Mechanism of Action: Targeting IGF-1 Receptors to Halt TED Progression
Teprotumumab is a monoclonal antibody that targets and binds to the insulin-like growth factor 1 receptor (IGF-1R). By inhibiting IGF-1R activity, it blocks autoimmune activation of orbital fibroblasts, a key mechanism driving the inflammation and tissue expansion associated with TED.
Clinical Trial Results Demonstrate Efficacy in Active and Chronic TED
The CHMP’s opinion was based on results from three randomized, placebo-controlled phase 3 trials involving 225 patients with active TED, as well as a separate phase 3 trial including 62 patients with chronic TED.
According to the EMA, outcomes showed that:
• After 24 weeks, patients treated with teprotumumab experienced a significant reduction in proptosis (–2.0 mm to –2.3 mm)
• Clinical Activity Score (CAS) was significantly reduced, indicating decreased inflammation
• In patients with chronic TED, the reduction in proptosis was smaller (–1.5 mm) but still meaningful
Safety Profile and Risk Management
The most commonly reported adverse events associated with teprotumumab included:
• Muscle spasms
• Hyperglycemia
• Fatigue
• Nausea
• Headache
• Diarrhea
• Alopecia
The EMA also highlighted important safety concerns:
• Evidence of severe and potentially permanent hearing impairment
• Potential risks to fetal development, based on pre-clinical findings
The agency stated that additional risk management measures will be required to mitigate these potential risks in clinical use.

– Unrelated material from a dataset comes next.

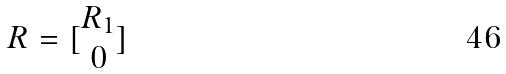Convert formula to latex. <formula><loc_0><loc_0><loc_500><loc_500>R = [ \begin{matrix} R _ { 1 } \\ 0 \end{matrix} ]</formula>

Next Steps: European Commission Decision Expected by July 2025
The European Commission will now review the CHMP’s opinion and make a final determination on whether to grant EU-wide marketing authorization for teprotumumab. According to the EMA, a decision is typically issued within 67 days of the CHMP recommendation. Under this timeline, a final decision is anticipated by 1 July 2025.